B: Why do you think female friendships produce empowering business partnerships?

Erica: When women partner, they bring the qualities core to their friendships like vulnerability, emotional transparency, and compassion to their working relationship, too. Doing so creates a totally different ethos than you typically see prioritized in a professional environment — in the very best of ways.

B: What advice do you have for young women — perhaps college-age — who think they might want to start a company together? What should they be sure to consider first?

Claire: There has to be a similar work ethic between the two of you and a respect for each other’s standards. Erica and I both have very high standards — not always around the same things, but around the things we each care a lot about. That makes both of us better at our jobs because we each feel accountable to one another’s high standards. I’m not a grammar nut, but Erica is, so I try to keep it on point because I recognize that I’m representing both of us when I write an email.

B: Some recent reports show that startups with at least one woman cofounder outperform startups led solely by men. Why do you think this is?
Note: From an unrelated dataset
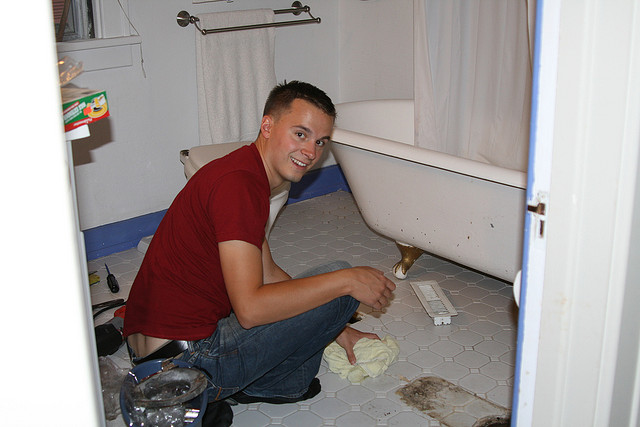If this bathroom could speak, what story would it tell about this moment? If this bathroom could speak, it might tell the story of a hardworking individual who decided to take on a home improvement project. It could recount how the bathroom experienced a slight problem, perhaps a minor plumbing issue under the bathtub that caused some trouble. However, with determination and a positive attitude, as indicated by his smile, the man tackled the issue head-on. The bathroom would narrate how it felt relief as tools were brought out and used skillfully to fix it. Afterward, it was thoroughly cleaned, feeling refreshed and ready to be used again comfortably. Can you imagine a creative plot or story for this scene? In a creative twist, imagine this bathroom as the secret setting for an undercover inventor’s latest creation. The man in the image is actually a brilliant young inventor, disguising his lab as an ordinary bathroom to keep his inventions hidden. Today, he's working on his latest project: a multipurpose tool that can clean, repair, and even perform minor surgeries! The screwdriver is part of his innovative toolkit, and the folded towel holds nano-cleaning bots. While it looks like he’s simply cleaning or fixing the bathroom, he’s actually testing his new invention's capabilities. The white shower curtain hides his most recent creation: a device that can make any space appear completely different, allowing him to change his lab into a library, workshop, or anything he needs with a press of a button. 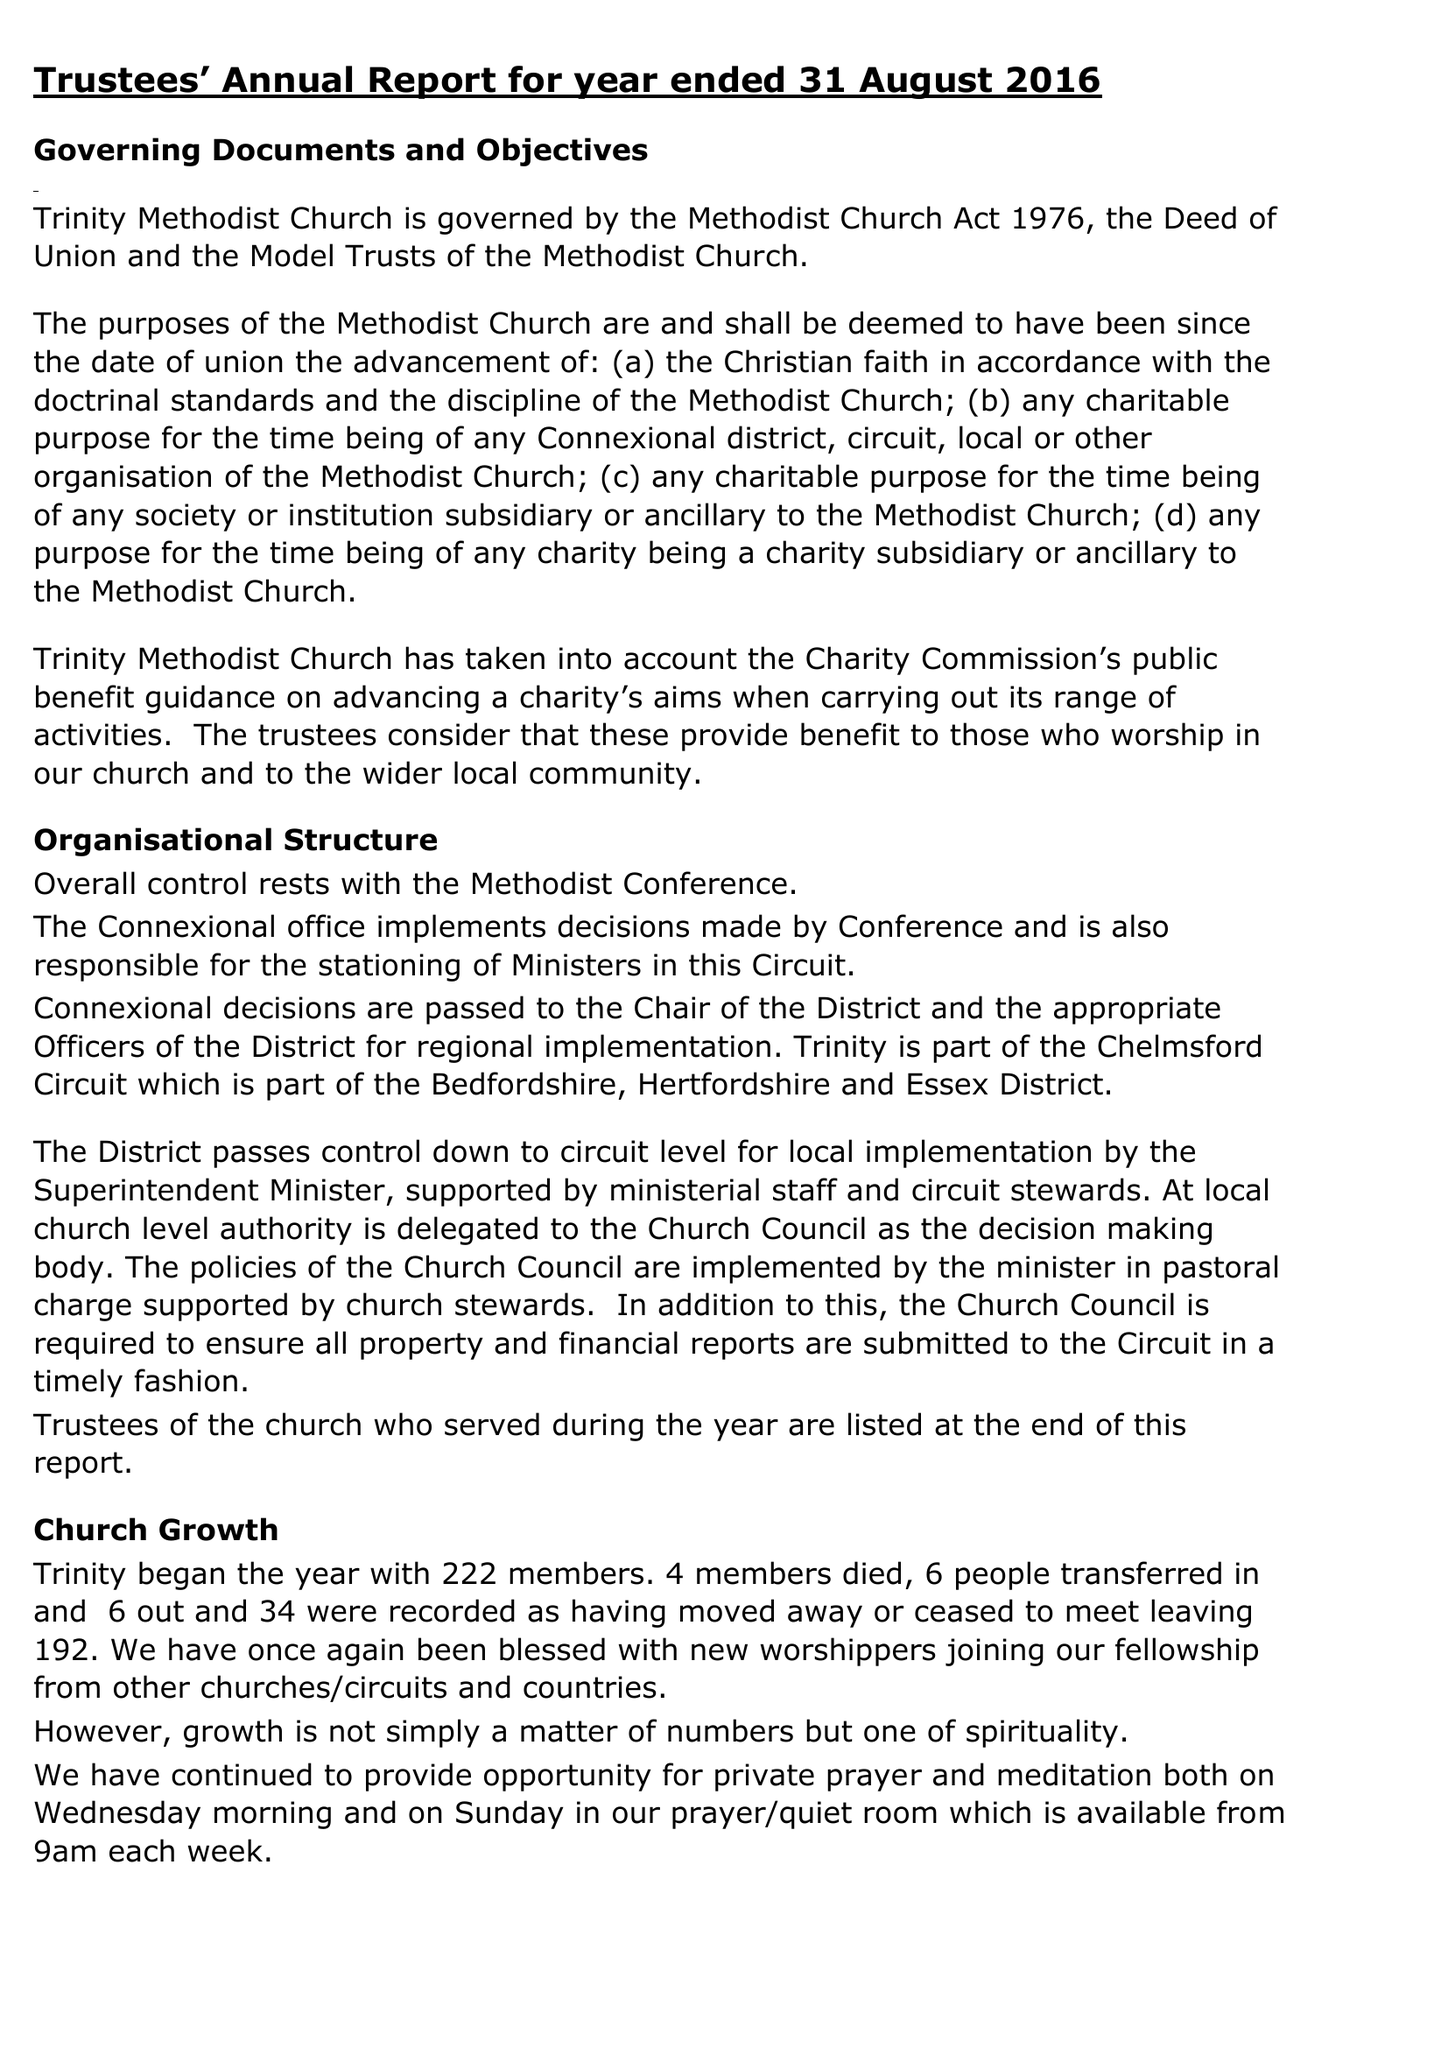What is the value for the address__street_line?
Answer the question using a single word or phrase. 30 PARK AVENUE 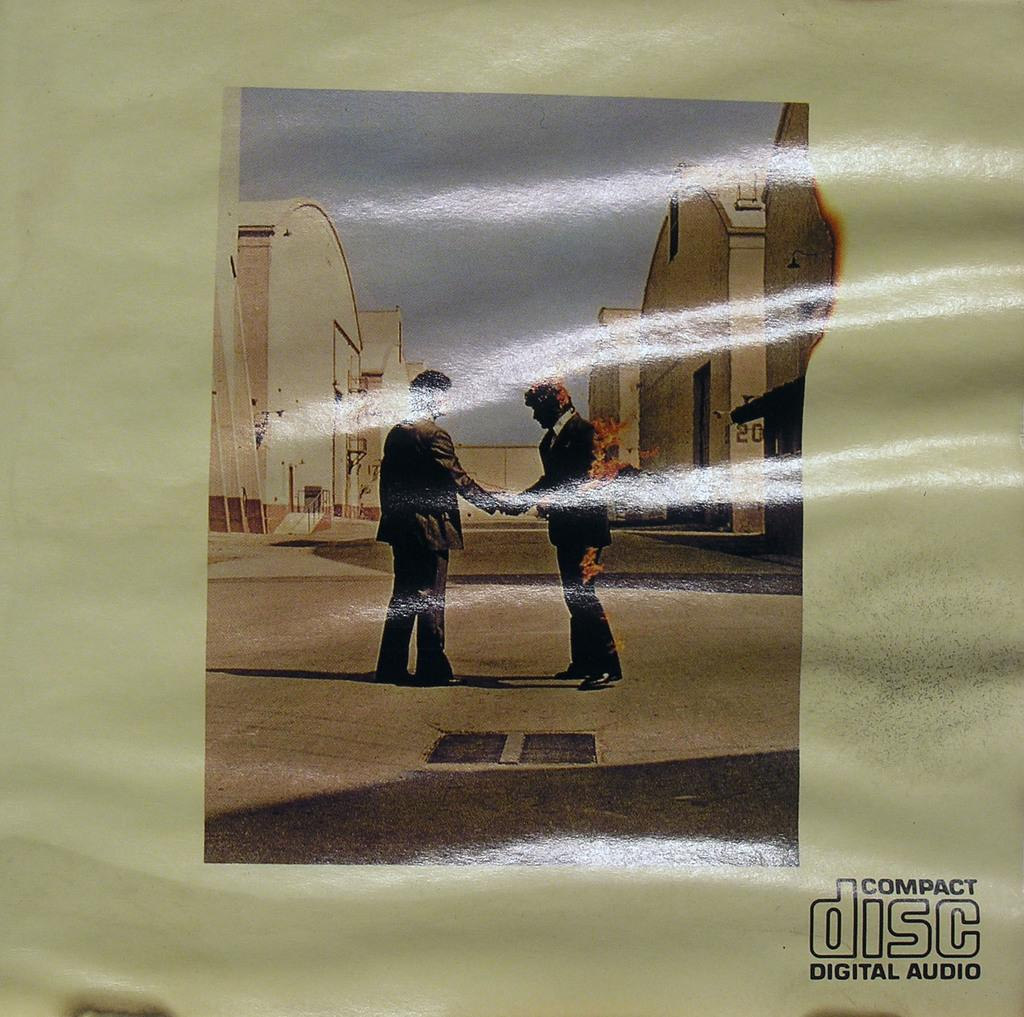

Erica: In 2013, the National Bureau of Economic Research embarked on a study to answer the question: “Are Women More Attracted to Cooperation Than Men?” The quick answer was “yes.” To speak, for a moment, in sweeping generalizations: women do worse in competitive environments and better when part of a team. And unlike men, who, the same research shows, tend to prefer to work alone, women like collaborating. So this, combined with those qualities that many women bring to the table that create a different, more open kind of workplace, feels like a such a win for any startup, right?